# Using Formulas In Excel

If you are rusty with Excel, I will go over basic formula and function usage in this guide.

**Using Formulas In Excel**

In this section, I will go over how to create formulas, enter in operators, and use functions. A formula is a cell entry that performs a calculation. It does one specific task, usually. At the most basic level, typing a formula is selecting a cell, typing the formula you want to use, and hitting enter.

**Typing**

Formulas begin with an equals sign. If you leave out the = sign, Excel treats it like text. Enter in any numbers that you need and then a range if needed. You will probably want an operator and possibly a function. When you finish and hit enter, the result appears instead of the finished formula. I find the easiest way to edit formulas is using the formula bar. This prevents mistakes because you have a dedicated place for the formula and do not have other cells next to it. A single misclick can change a lot in your spreadsheet.

**Cells and Ranges**

In cells, you can click inside and do basic math. Such as:

=10 + 3

You can also enter values to add.

=a1+a2+a3

Values can be multiplied.

=a1*a2

You can do division the same way.

=a3/a2

If there are a lot, you can enter in a range to sum.

=sum(a1:a10)

This saves a lot of typing and probably errors. Much of function usage is learning the functions originally and then using on a regular basis.

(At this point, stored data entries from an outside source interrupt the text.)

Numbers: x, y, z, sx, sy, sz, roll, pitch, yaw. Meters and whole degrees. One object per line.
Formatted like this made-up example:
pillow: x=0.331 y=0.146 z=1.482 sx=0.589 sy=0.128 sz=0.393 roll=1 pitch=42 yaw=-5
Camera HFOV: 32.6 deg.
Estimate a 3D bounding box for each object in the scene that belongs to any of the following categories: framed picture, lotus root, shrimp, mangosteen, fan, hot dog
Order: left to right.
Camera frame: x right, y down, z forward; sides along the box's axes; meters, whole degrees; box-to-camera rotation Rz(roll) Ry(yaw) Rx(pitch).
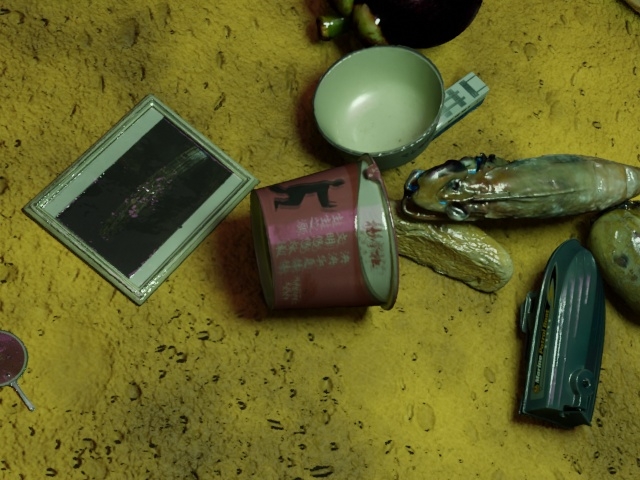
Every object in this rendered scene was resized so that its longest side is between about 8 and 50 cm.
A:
fan: x=-0.428 y=0.179 z=1.488 sx=0.085 sy=0.005 sz=0.133 roll=-33 pitch=76 yaw=-28
framed picture: x=-0.264 y=-0.071 z=1.655 sx=0.231 sy=0.018 sz=0.293 roll=38 pitch=60 yaw=4
mangosteen: x=0.122 y=-0.427 z=1.827 sx=0.302 sy=0.275 sz=0.275 roll=-33 pitch=75 yaw=4
hot dog: x=0.191 y=-0.001 z=1.717 sx=0.242 sy=0.084 sz=0.073 roll=23 pitch=59 yaw=-3
shrimp: x=0.322 y=-0.097 z=1.730 sx=0.446 sy=0.221 sz=0.110 roll=-6 pitch=107 yaw=-31
lotus root: x=0.538 y=0.056 z=1.754 sx=0.154 sy=0.154 sz=0.278 roll=-32 pitch=72 yaw=-27

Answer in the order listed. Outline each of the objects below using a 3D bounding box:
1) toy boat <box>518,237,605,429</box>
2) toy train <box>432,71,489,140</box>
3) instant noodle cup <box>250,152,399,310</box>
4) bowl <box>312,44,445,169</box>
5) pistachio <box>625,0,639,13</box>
toy boat: x=0.371 y=0.137 z=1.676 sx=0.114 sy=0.122 sz=0.296 roll=21 pitch=69 yaw=-30
toy train: x=0.187 y=-0.201 z=1.834 sx=0.234 sy=0.051 sz=0.052 roll=-37 pitch=75 yaw=-28
instant noodle cup: x=0.000 y=0.000 z=1.590 sx=0.178 sy=0.235 sz=0.235 roll=-8 pitch=67 yaw=-9
bowl: x=0.097 y=-0.199 z=1.752 sx=0.211 sy=0.112 sz=0.211 roll=-4 pitch=64 yaw=8
pistachio: x=0.636 y=-0.532 z=2.063 sx=0.318 sy=0.214 sz=0.193 roll=46 pitch=103 yaw=17
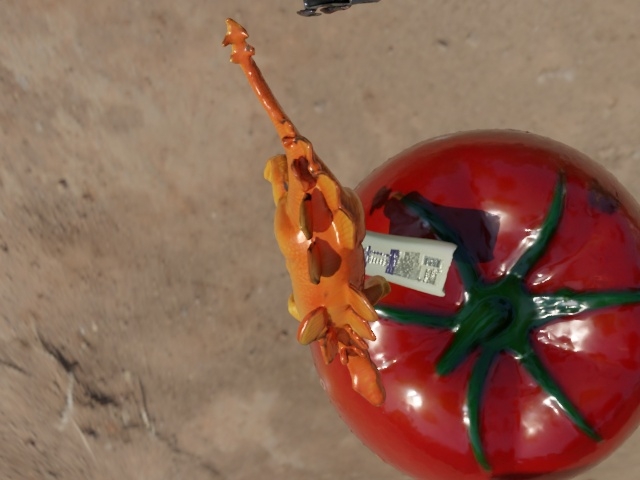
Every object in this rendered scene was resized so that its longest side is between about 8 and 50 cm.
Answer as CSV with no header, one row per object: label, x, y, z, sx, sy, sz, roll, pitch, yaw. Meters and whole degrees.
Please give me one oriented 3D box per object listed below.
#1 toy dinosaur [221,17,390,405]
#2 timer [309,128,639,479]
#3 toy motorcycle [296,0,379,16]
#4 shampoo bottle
toy dinosaur,0.000,0.000,0.952,0.070,0.117,0.288,-18,119,0
timer,0.173,0.073,1.561,0.378,0.279,0.378,0,90,0
toy motorcycle,0.087,-0.217,0.935,0.221,0.325,0.148,-13,101,-32
shampoo bottle,0.050,0.011,1.349,0.141,0.034,0.049,13,103,-8
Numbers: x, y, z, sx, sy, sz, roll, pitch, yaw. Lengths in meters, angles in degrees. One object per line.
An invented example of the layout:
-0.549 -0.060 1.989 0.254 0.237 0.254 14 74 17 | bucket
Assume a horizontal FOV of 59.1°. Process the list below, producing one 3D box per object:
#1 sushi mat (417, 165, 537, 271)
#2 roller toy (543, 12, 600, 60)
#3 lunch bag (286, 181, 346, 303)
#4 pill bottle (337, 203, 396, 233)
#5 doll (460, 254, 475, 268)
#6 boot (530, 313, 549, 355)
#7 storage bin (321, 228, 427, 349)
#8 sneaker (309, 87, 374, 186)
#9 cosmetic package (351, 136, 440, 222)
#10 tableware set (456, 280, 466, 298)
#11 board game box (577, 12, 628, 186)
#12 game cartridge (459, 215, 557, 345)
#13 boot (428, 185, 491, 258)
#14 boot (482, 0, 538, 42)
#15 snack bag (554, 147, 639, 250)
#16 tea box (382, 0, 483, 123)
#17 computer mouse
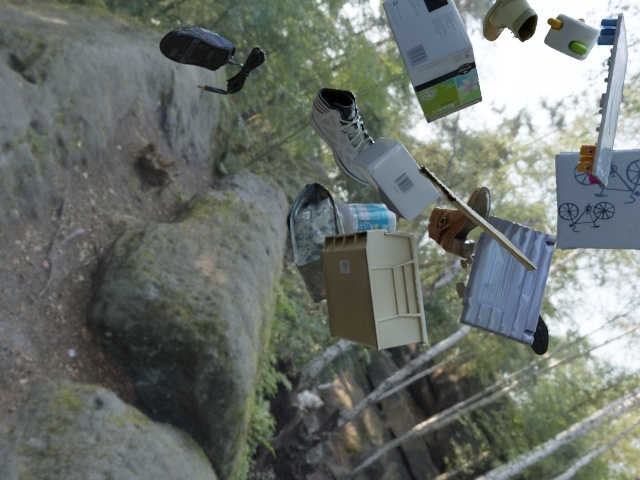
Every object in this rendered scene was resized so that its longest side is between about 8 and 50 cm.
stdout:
0.334 -0.044 1.195 0.316 0.019 0.151 32 18 -33 | sushi mat
1.029 -0.840 2.312 0.209 0.146 0.191 38 31 24 | roller toy
0.000 0.000 1.684 0.235 0.169 0.287 71 8 -56 | lunch bag
0.149 -0.069 2.186 0.146 0.264 0.146 7 -82 62 | pill bottle
0.624 0.065 2.186 0.046 0.189 0.129 65 -35 20 | doll
0.802 0.318 2.136 0.106 0.082 0.219 -47 122 -82 | boot
0.114 0.108 1.319 0.262 0.123 0.260 173 -90 -68 | storage bin
0.118 -0.406 2.195 0.447 0.169 0.257 48 -12 8 | sneaker
0.238 -0.201 1.821 0.224 0.138 0.225 50 0 -16 | cosmetic package
0.555 0.201 2.053 0.141 0.020 0.169 70 -23 15 | tableware set
0.768 -0.354 1.526 0.390 0.050 0.390 -1 99 -60 | board game box
0.578 0.119 1.749 0.068 0.230 0.355 87 22 -76 | game cartridge
0.517 -0.092 2.133 0.220 0.109 0.283 39 -56 56 | boot
0.716 -0.810 2.134 0.262 0.095 0.203 112 -34 -58 | boot
0.946 -0.128 1.856 0.037 0.323 0.343 -23 111 -59 | snack bag
0.393 -0.646 1.949 0.323 0.220 0.329 42 31 -59 | tea box
-0.283 -0.445 1.389 0.262 0.184 0.060 1 64 -36 | computer mouse
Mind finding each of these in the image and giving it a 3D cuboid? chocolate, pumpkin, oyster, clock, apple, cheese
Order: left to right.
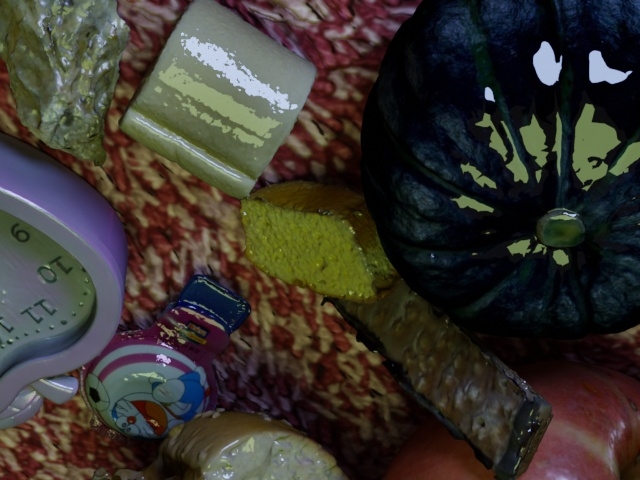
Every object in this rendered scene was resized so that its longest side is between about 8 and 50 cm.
[{"bbox_3d":[-0.365,0.042,1.524,0.338,0.102,0.339,0,124,0],"label":"clock"},{"bbox_3d":[-0.250,-0.174,1.400,0.132,0.072,0.209,10,121,-9],"label":"oyster"},{"bbox_3d":[-0.168,0.137,1.605,0.155,0.062,0.244,32,117,-16],"label":"cheese"},{"bbox_3d":[0.113,0.104,1.452,0.065,0.329,0.102,0,121,-38],"label":"chocolate"},{"bbox_3d":[0.228,0.309,1.541,0.363,0.364,0.364,0,123,0],"label":"apple"},{"bbox_3d":[0.211,-0.077,1.345,0.363,0.266,0.363,0,127,0],"label":"pumpkin"}]

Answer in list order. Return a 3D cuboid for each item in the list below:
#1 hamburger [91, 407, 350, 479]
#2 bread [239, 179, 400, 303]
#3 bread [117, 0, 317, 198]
[{"bbox_3d":[-0.100,0.348,1.627,0.287,0.268,0.445,17,150,42],"label":"hamburger"},{"bbox_3d":[0.000,0.000,1.465,0.187,0.065,0.103,12,121,47],"label":"bread"},{"bbox_3d":[-0.096,-0.134,1.387,0.141,0.134,0.148,31,107,-13],"label":"bread"}]
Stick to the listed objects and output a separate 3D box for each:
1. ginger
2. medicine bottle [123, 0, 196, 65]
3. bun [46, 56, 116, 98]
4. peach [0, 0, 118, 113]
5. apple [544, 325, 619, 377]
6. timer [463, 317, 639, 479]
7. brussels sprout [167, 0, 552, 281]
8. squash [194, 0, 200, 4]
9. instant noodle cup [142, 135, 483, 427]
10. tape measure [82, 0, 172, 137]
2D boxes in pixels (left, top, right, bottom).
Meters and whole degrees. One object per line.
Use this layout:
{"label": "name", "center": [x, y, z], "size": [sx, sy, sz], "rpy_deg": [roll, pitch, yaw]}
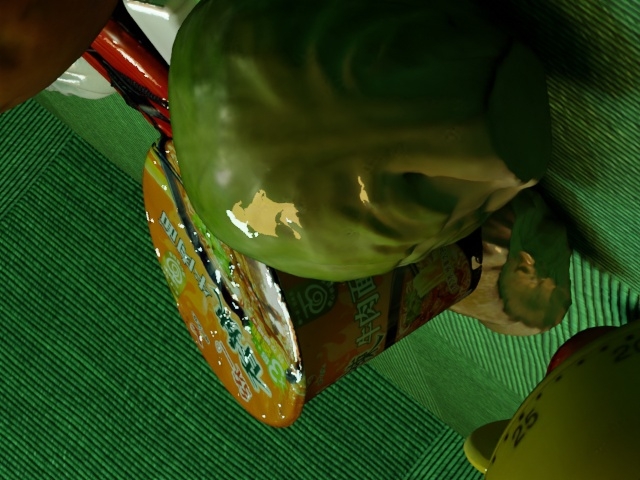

A good trick you can do is naming a range of values. To do this:

- Highlight the range of values you want
- Right click to bring up the menu
- Name the range something meaningful

Now, if I named the range a1:a10 “range1”, I can do this:

=sum(range1)

This will sum everything in that range. Of course, you can easily see how doing any math operation is made quicker by this method.

**Operators**

Order of precedence is important for any software that does calculations. When writing formulas, the order has to be correct for you to get the result that you want. Operators are symbols that tell Excel what type of calculation to perform. It has all the usual types that you can think of. These include arithmetic, comparison, text, and reference operators.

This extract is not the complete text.